Several factors can influence CHI-B expression levels in plants:

• Pathogen exposure: Chitinases are often pathogenesis-related proteins induced during fungal infection

• Developmental stage: Expression may vary throughout plant development

• Tissue specificity: Different plant tissues may express varying levels of CHI-B

• Environmental stressors: Drought, salinity, and temperature extremes may alter expression

• Circadian regulation: Expression levels might fluctuate throughout the day

• Hormone treatments: Plant hormones like ethylene, jasmonic acid, and salicylic acid may induce expression

Researchers should consider these factors when designing experiments and interpreting results from CHI-B antibody-based assays.

How is CHI-B antibody being used in cutting-edge plant immunity research?

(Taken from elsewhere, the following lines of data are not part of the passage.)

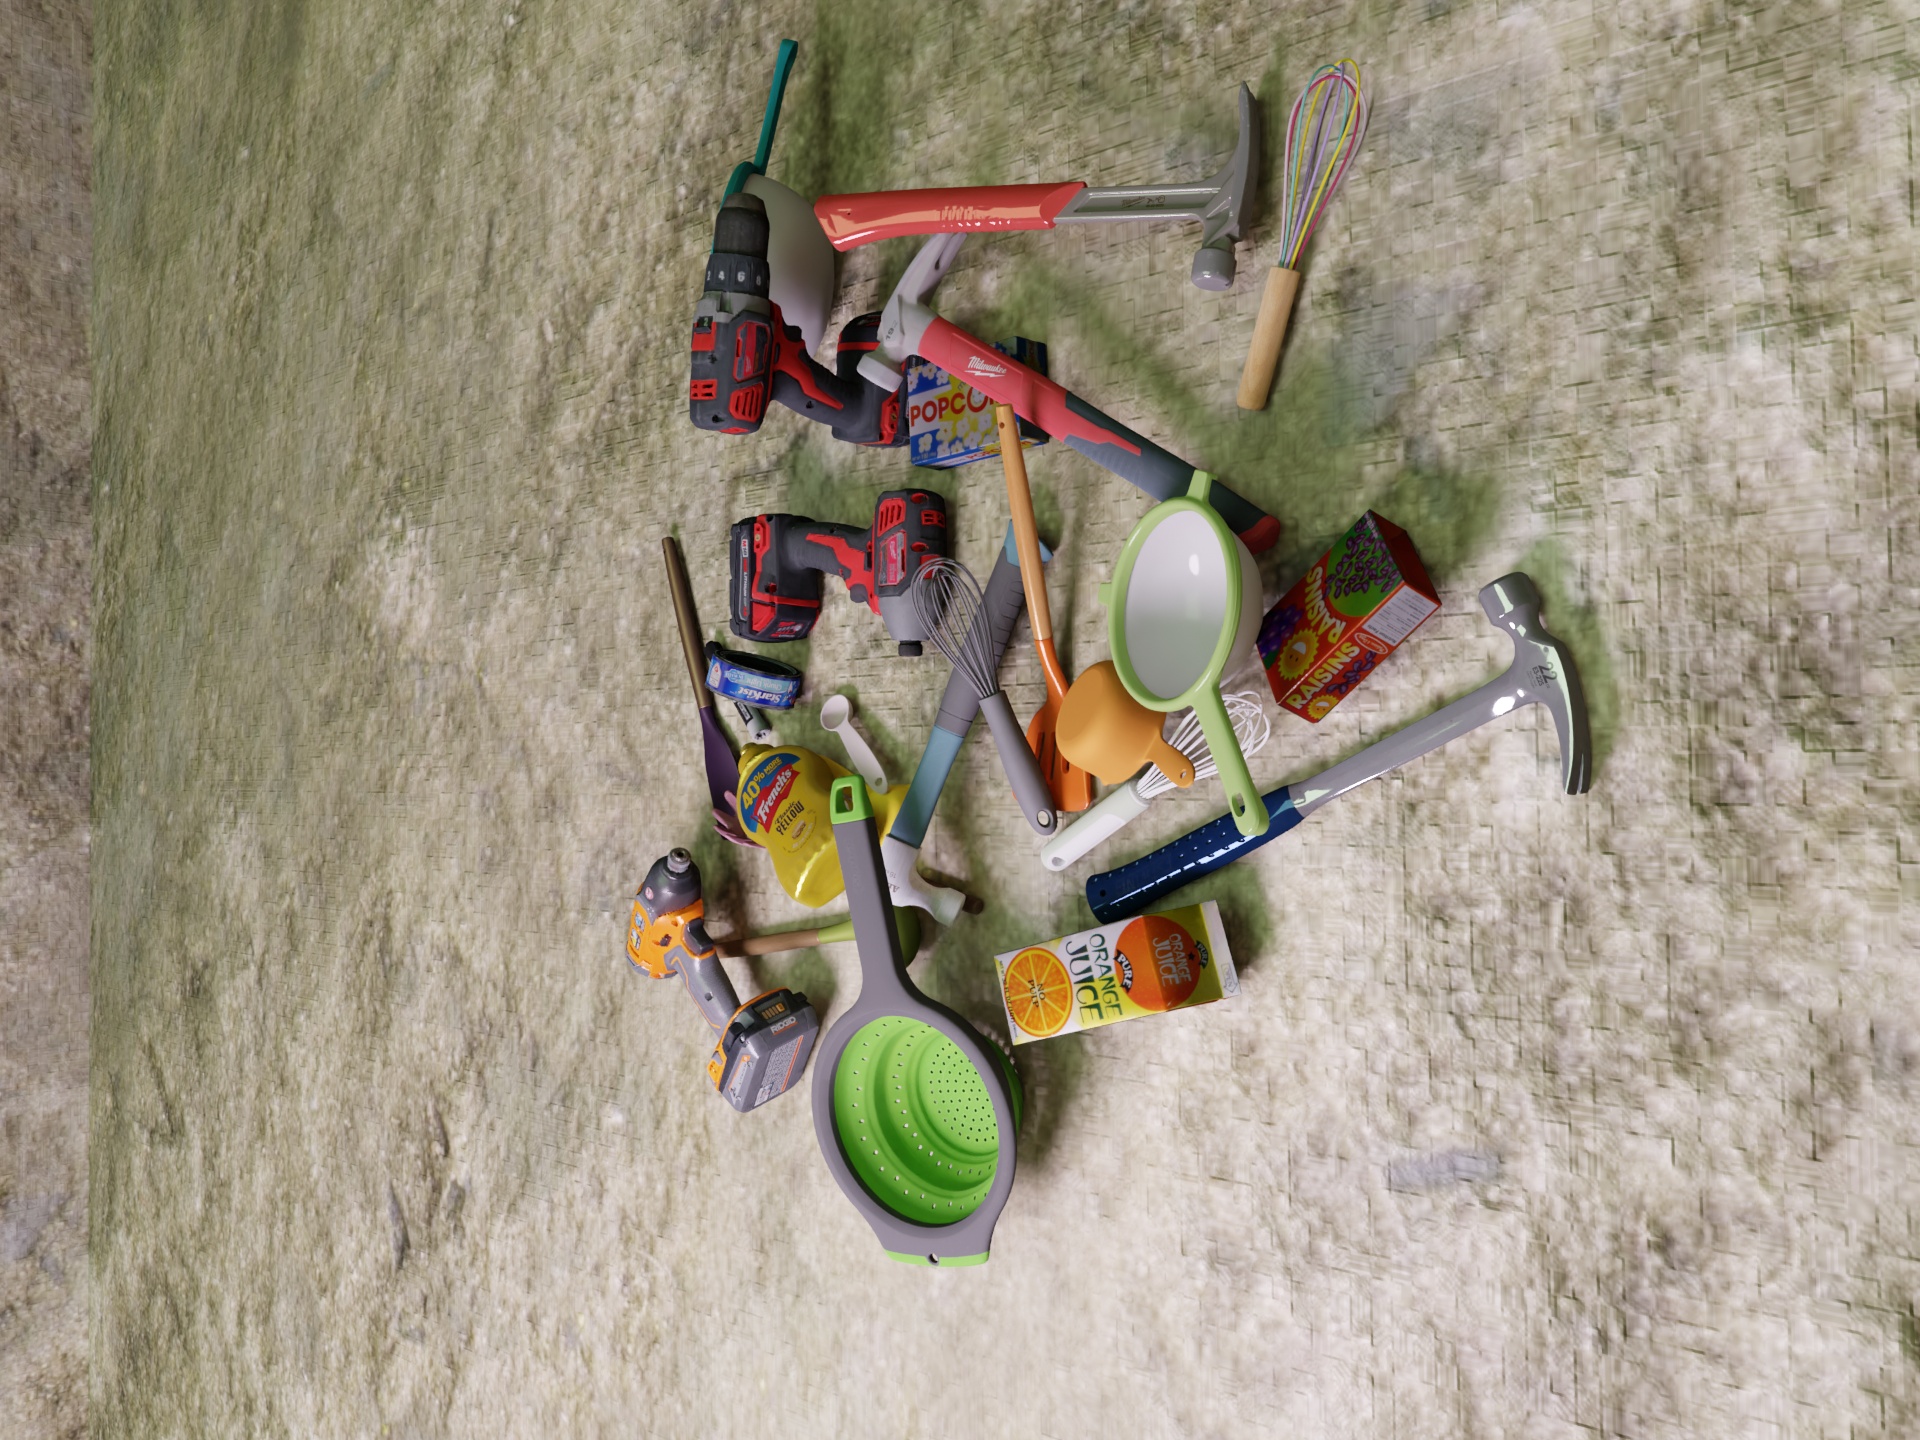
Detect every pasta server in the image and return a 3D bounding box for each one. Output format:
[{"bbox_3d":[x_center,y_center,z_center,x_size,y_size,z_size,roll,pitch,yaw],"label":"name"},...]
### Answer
[{"bbox_3d":[-0.105,0.121,1.430,0.316,0.040,0.060,15,61,39],"label":"pasta server"}]

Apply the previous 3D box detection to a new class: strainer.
[{"bbox_3d":[0.183,-0.035,1.097,0.151,0.069,0.257,-51,45,47],"label":"strainer"},{"bbox_3d":[-0.152,-0.446,1.433,0.095,0.211,0.340,11,84,0],"label":"strainer"}]

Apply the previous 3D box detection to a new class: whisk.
[{"bbox_3d":[0.142,0.051,1.203,0.246,0.057,0.059,-41,28,38],"label":"whisk"},{"bbox_3d":[0.023,-0.017,1.262,0.055,0.055,0.239,-21,95,40],"label":"whisk"},{"bbox_3d":[0.237,-0.341,1.125,0.047,0.051,0.245,24,108,34],"label":"whisk"}]

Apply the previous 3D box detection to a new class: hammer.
[{"bbox_3d":[0.091,-0.246,1.223,0.387,0.038,0.143,36,102,27],"label":"hammer"},{"bbox_3d":[0.246,0.057,1.113,0.405,0.035,0.144,-34,67,37],"label":"hammer"},{"bbox_3d":[0.050,-0.405,1.225,0.359,0.036,0.149,7,85,26],"label":"hammer"},{"bbox_3d":[-0.002,-0.004,1.308,0.128,0.033,0.331,23,97,6],"label":"hammer"}]

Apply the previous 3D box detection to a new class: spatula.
[{"bbox_3d":[0.056,-0.086,1.249,0.081,0.041,0.322,6,114,42],"label":"spatula"},{"bbox_3d":[-0.258,-0.037,1.584,0.060,0.018,0.316,-30,70,48],"label":"spatula"}]

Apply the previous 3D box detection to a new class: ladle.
[{"bbox_3d":[-0.151,0.204,1.460,0.320,0.062,0.078,-15,95,44],"label":"ladle"}]

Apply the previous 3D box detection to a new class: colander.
[{"bbox_3d":[-0.032,0.236,1.301,0.204,0.094,0.397,-12,89,36],"label":"colander"}]

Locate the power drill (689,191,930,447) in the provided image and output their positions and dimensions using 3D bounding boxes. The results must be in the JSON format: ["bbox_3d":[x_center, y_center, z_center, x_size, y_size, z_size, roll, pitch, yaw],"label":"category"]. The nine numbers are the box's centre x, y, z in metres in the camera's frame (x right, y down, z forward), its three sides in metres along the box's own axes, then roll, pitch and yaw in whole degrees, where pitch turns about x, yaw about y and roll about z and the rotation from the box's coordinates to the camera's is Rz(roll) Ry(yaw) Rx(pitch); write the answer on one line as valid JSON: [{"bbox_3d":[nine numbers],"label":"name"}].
[{"bbox_3d":[-0.127,-0.324,1.329,0.080,0.226,0.188,10,97,42],"label":"power drill"}]

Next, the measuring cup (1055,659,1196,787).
[{"bbox_3d":[0.120,0.009,1.161,0.095,0.052,0.174,-62,19,8],"label":"measuring cup"}]

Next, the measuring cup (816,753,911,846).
[{"bbox_3d":[-0.096,0.066,1.426,0.157,0.029,0.062,29,108,37],"label":"measuring cup"}]

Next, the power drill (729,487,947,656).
[{"bbox_3d":[-0.104,-0.124,1.411,0.220,0.078,0.143,-1,89,39],"label":"power drill"}]

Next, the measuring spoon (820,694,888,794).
[{"bbox_3d":[-0.089,0.024,1.420,0.034,0.018,0.124,-46,51,15],"label":"measuring spoon"}]

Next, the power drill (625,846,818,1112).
[{"bbox_3d":[-0.229,0.231,1.477,0.227,0.084,0.164,47,139,26],"label":"power drill"}]

Current research applications include:

• Studying the spatial and temporal dynamics of CHI-B induction during pathogen infection using immunolocalization

• Investigating CHI-B protein-protein interactions through co-immunoprecipitation followed by mass spectrometry

• Examining post-translational modifications of CHI-B during immune responses

• Exploring the role of CHI-B in non-host resistance mechanisms

• Studying the coordination between multiple chitinases in plant defense systems, similar to the synergistic effects observed in bacterial chitinase systems where combinations of chitinases showed approximately 2.0-fold increase in hydrolytic activity compared to individual enzymes

What synergistic effects might CHI-B have with other chitinases?

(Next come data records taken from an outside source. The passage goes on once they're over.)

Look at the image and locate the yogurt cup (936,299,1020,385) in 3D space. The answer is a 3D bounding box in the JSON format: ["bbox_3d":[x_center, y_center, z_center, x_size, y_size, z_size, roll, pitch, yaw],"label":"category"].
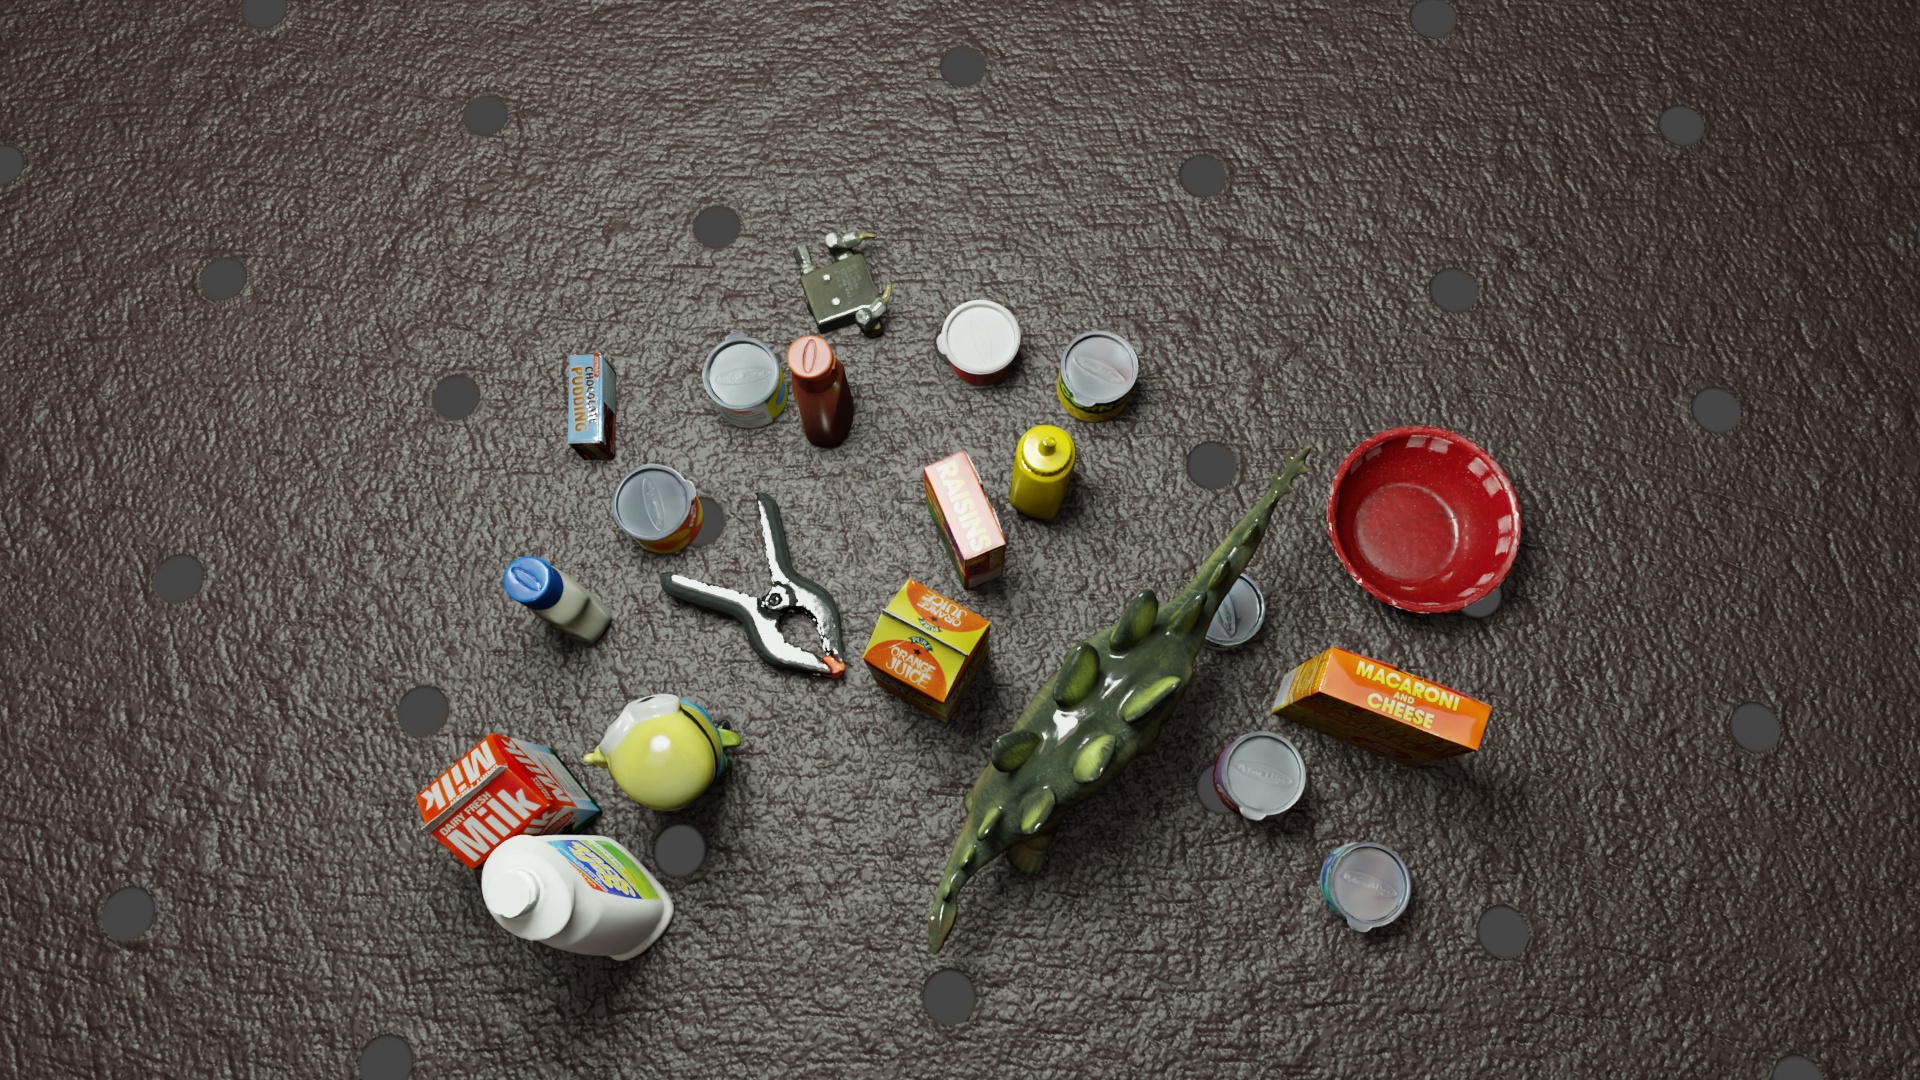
[{"bbox_3d":[0.018,-0.170,1.220,0.072,0.054,0.072,0,76,0],"label":"yogurt cup"}]

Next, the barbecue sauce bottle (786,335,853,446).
[{"bbox_3d":[-0.117,-0.128,1.162,0.044,0.148,0.065,6,77,2],"label":"barbecue sauce bottle"}]

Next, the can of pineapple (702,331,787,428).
[{"bbox_3d":[-0.186,-0.138,1.211,0.071,0.057,0.071,0,76,0],"label":"can of pineapple"}]

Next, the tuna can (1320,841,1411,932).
[{"bbox_3d":[0.325,0.279,1.119,0.071,0.032,0.071,0,76,0],"label":"tuna can"}]

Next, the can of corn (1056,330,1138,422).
[{"bbox_3d":[0.117,-0.139,1.209,0.071,0.058,0.071,0,76,0],"label":"can of corn"}]

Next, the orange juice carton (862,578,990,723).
[{"bbox_3d":[-0.025,0.086,1.086,0.072,0.192,0.073,29,79,7],"label":"orange juice carton"}]

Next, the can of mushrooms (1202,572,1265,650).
[{"bbox_3d":[0.219,0.059,1.173,0.071,0.033,0.071,0,76,0],"label":"can of mushrooms"}]

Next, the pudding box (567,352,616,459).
[{"bbox_3d":[-0.321,-0.116,1.211,0.030,0.049,0.084,-3,76,0],"label":"pudding box"}]

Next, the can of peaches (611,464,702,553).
[{"bbox_3d":[-0.255,-0.026,1.184,0.071,0.058,0.071,0,76,0],"label":"can of peaches"}]

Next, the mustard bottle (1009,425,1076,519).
[{"bbox_3d":[0.068,-0.063,1.138,0.049,0.160,0.065,17,78,4],"label":"mustard bottle"}]

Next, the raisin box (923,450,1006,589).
[{"bbox_3d":[0.004,-0.014,1.146,0.040,0.123,0.086,-22,78,-5],"label":"raisin box"}]

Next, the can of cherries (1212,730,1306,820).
[{"bbox_3d":[0.240,0.193,1.127,0.071,0.058,0.071,0,76,0],"label":"can of cherries"}]

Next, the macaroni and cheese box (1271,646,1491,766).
[{"bbox_3d":[0.323,0.131,1.086,0.124,0.166,0.040,21,78,5],"label":"macaroni and cheese box"}]

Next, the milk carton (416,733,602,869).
[{"bbox_3d":[-0.347,0.201,1.061,0.072,0.190,0.073,-41,80,-8],"label":"milk carton"}]

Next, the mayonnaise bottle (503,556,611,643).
[{"bbox_3d":[-0.328,0.046,1.120,0.065,0.147,0.041,34,79,8],"label":"mayonnaise bottle"}]

Drawing parallels from bacterial chitinase research, we can hypothesize that plant CHI-B might work synergistically with other chitinases. In Alteromonas sp. strain O-7, the proper combination of four chitinases (ChiA, ChiB, ChiC, and ChiD) resulted in approximately 2.0-fold increase in hydrolytic activity against powdered chitin . This suggests that different chitinases may have complementary roles, with some being more effective against certain substrate forms or during different stages of chitin degradation. Investigation of similar synergistic effects among plant chitinases, including CHI-B, represents an important research direction.

How can advanced imaging techniques enhance CHI-B antibody applications?

Emerging imaging applications include:

• Super-resolution microscopy to visualize subcellular localization of CHI-B with nanometer precision

• Live-cell imaging using fluorescently-tagged antibody fragments to track CHI-B dynamics

• Correlative light and electron microscopy (CLEM) to combine functional and structural information about CHI-B localization

• Proximity ligation assays to detect protein-protein interactions involving CHI-B in situ

• Expansion microscopy to achieve improved resolution of CHI-B distribution in plant tissues

These advanced techniques can provide unprecedented insights into the spatial and temporal aspects of CHI-B function during plant immune responses.